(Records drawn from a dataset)
++++++++++++++++++++

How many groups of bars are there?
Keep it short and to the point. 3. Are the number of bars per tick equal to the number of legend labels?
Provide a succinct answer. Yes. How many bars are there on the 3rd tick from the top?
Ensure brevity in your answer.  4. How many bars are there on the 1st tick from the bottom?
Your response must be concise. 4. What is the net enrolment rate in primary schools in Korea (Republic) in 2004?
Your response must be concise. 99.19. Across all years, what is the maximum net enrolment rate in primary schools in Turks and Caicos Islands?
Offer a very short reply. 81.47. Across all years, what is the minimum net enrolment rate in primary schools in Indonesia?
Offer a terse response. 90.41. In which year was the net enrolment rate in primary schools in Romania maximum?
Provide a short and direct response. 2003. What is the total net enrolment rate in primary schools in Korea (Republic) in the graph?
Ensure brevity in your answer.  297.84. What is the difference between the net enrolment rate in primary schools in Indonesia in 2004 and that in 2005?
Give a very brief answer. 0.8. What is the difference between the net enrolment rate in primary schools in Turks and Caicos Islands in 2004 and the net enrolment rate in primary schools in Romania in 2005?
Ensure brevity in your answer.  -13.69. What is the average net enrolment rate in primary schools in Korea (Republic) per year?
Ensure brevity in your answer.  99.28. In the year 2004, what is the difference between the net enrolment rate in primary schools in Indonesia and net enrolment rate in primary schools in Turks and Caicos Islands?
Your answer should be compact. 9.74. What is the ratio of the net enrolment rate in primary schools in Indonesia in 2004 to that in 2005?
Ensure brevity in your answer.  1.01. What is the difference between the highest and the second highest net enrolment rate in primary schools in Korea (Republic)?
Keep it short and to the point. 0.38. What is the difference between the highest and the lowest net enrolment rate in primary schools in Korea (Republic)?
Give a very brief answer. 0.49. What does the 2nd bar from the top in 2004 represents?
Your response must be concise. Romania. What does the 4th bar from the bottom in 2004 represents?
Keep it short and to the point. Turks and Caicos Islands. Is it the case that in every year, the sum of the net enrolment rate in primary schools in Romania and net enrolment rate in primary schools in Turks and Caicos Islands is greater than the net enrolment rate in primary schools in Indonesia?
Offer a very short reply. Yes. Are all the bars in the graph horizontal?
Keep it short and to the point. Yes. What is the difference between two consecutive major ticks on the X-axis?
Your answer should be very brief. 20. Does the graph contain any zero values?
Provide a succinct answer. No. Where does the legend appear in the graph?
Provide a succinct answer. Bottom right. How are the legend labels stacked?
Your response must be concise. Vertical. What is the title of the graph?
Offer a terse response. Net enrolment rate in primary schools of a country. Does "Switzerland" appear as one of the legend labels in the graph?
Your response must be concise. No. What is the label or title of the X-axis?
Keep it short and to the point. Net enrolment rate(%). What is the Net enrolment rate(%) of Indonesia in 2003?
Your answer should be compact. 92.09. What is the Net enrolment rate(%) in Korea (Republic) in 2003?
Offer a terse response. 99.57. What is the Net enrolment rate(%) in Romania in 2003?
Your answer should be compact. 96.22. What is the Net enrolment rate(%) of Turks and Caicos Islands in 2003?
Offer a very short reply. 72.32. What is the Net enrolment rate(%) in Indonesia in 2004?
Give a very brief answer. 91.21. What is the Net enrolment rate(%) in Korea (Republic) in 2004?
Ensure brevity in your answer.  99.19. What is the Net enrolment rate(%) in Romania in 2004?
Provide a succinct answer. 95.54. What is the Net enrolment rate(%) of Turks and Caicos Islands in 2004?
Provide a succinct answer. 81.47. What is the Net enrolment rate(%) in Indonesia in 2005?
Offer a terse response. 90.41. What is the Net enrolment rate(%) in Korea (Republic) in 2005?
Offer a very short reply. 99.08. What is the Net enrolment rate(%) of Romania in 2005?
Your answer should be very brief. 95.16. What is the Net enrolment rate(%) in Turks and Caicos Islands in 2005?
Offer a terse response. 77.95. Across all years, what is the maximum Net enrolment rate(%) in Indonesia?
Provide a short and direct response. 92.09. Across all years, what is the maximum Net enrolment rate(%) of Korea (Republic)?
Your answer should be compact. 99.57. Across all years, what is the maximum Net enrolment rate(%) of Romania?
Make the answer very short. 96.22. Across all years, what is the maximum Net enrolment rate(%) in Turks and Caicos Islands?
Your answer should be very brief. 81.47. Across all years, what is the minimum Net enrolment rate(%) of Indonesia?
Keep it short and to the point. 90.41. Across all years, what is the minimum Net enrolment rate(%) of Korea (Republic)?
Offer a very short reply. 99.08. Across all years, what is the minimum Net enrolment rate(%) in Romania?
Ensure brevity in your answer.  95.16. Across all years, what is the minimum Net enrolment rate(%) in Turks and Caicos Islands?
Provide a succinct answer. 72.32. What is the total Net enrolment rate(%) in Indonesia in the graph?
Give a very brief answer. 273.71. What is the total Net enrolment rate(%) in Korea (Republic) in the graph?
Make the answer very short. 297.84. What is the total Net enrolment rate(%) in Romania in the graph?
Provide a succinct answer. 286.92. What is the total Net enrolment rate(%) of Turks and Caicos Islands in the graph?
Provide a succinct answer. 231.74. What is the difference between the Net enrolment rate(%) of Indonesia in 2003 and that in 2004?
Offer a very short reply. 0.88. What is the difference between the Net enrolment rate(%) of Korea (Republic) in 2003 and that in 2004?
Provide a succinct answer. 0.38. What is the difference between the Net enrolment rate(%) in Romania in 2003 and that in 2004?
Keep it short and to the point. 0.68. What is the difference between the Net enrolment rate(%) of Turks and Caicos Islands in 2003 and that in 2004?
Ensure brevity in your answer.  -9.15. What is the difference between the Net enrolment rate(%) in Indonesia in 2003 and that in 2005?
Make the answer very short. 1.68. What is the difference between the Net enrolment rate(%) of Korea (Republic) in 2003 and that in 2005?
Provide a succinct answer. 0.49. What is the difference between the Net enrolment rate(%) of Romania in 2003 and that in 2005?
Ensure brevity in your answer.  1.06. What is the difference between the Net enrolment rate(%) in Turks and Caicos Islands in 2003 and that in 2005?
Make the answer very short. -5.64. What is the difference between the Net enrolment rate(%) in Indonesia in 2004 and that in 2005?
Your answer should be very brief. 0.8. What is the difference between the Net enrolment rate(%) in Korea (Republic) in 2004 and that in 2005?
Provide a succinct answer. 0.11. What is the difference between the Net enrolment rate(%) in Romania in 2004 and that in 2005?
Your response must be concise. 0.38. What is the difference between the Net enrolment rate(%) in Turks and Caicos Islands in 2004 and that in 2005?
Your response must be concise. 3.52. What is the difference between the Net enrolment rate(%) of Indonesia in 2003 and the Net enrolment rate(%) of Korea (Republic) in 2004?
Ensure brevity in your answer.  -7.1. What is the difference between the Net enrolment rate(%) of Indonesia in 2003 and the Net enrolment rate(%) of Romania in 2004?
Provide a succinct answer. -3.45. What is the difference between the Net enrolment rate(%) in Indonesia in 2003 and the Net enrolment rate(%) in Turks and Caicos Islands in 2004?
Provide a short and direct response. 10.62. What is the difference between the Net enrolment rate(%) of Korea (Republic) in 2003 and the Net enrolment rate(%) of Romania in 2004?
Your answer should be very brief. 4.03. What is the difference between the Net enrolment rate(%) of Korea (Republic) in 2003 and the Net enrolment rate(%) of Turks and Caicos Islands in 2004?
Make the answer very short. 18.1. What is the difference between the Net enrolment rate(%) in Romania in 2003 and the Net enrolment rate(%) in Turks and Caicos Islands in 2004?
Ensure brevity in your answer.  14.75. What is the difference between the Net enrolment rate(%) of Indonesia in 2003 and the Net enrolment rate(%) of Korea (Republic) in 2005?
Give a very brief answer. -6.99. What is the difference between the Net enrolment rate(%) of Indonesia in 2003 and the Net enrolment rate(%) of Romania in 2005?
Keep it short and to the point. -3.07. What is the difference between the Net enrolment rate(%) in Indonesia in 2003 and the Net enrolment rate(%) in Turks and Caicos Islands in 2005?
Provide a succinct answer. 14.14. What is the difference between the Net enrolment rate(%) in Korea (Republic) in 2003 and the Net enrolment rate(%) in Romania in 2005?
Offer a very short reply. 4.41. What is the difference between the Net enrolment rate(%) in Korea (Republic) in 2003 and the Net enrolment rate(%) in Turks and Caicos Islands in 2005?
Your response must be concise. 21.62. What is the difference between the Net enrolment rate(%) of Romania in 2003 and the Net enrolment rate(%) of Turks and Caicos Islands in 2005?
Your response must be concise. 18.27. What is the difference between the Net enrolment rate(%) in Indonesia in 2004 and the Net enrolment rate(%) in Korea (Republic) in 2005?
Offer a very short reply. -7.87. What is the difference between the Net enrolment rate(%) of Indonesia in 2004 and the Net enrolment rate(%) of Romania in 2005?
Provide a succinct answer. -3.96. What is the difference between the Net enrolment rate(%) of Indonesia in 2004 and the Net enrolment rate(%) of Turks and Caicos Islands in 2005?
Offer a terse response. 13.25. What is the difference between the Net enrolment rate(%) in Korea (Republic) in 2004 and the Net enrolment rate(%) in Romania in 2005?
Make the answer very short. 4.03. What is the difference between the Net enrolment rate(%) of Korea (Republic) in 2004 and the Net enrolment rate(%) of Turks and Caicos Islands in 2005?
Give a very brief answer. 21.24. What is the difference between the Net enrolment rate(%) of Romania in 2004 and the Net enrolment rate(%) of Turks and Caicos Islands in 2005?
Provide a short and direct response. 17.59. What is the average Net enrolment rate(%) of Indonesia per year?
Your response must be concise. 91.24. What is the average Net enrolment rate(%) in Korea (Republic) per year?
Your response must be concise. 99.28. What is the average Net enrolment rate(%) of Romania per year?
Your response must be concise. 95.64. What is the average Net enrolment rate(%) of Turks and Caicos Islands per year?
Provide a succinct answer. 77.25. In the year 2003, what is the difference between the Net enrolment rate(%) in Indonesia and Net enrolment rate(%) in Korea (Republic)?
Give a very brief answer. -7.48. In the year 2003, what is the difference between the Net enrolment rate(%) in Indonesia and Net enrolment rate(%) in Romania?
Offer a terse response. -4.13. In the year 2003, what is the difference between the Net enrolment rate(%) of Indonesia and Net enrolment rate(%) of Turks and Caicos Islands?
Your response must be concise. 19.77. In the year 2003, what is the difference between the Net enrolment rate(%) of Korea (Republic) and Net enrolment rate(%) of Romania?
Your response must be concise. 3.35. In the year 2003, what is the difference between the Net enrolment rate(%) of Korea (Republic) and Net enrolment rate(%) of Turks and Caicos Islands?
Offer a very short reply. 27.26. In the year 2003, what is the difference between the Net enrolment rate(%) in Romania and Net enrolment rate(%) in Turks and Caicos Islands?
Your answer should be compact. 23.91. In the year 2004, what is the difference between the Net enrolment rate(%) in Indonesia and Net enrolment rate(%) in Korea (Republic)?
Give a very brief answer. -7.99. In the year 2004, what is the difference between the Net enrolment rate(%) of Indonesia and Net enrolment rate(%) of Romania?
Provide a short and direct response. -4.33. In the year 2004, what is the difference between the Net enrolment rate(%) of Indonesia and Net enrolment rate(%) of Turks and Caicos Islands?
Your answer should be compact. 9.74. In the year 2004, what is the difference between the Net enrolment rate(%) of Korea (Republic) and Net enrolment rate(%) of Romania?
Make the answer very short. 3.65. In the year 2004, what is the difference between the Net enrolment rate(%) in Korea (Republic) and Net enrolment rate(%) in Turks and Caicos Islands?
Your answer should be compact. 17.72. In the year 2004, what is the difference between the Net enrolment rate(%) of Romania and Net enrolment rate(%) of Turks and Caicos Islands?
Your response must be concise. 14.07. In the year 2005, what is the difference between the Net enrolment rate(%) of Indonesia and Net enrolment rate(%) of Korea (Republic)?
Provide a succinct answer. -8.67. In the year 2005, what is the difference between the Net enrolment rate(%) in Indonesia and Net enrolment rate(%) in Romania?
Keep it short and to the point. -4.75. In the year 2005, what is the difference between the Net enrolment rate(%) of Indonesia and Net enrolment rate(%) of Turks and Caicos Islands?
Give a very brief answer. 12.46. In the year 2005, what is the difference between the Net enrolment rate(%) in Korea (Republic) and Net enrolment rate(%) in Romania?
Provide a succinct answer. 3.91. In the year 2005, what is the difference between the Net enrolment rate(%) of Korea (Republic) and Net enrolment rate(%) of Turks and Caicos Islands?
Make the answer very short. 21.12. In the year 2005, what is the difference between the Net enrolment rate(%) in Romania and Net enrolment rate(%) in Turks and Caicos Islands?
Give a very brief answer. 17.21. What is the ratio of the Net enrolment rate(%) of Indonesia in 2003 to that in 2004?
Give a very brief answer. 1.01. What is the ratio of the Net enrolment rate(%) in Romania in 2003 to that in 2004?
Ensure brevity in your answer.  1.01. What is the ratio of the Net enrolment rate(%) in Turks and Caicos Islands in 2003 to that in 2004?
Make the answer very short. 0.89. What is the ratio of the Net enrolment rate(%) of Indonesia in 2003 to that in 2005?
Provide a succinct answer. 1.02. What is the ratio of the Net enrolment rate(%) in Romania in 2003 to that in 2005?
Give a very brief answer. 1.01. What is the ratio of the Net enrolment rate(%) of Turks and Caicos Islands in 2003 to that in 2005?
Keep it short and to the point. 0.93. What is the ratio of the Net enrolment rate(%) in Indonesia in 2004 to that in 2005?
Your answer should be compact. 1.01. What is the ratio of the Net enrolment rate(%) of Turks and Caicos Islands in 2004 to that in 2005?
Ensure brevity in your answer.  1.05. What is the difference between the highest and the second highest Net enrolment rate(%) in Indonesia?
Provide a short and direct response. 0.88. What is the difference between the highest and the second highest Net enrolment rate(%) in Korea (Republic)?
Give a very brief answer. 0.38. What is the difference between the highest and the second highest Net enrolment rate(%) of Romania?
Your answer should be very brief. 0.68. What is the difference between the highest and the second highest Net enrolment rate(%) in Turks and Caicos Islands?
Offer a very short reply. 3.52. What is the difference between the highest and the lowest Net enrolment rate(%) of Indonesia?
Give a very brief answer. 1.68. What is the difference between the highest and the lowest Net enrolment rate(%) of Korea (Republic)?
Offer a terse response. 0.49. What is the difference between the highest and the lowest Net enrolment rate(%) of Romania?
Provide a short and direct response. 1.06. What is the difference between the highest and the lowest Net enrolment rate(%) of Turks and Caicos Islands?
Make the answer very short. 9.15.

++++++++++++++++++++

Problem to solve: Above are the entries. Quote exactly the lines from the one bearing "Offer a terse response. -4.13." through the one bearing "Your response must be concise. 19.77.".

Output of the exercise:
Offer a terse response. -4.13. In the year 2003, what is the difference between the Net enrolment rate(%) of Indonesia and Net enrolment rate(%) of Turks and Caicos Islands?
Your response must be concise. 19.77. In the year 2003, what is the difference between the Net enrolment rate(%) of Korea (Republic) and Net enrolment rate(%) of Romania?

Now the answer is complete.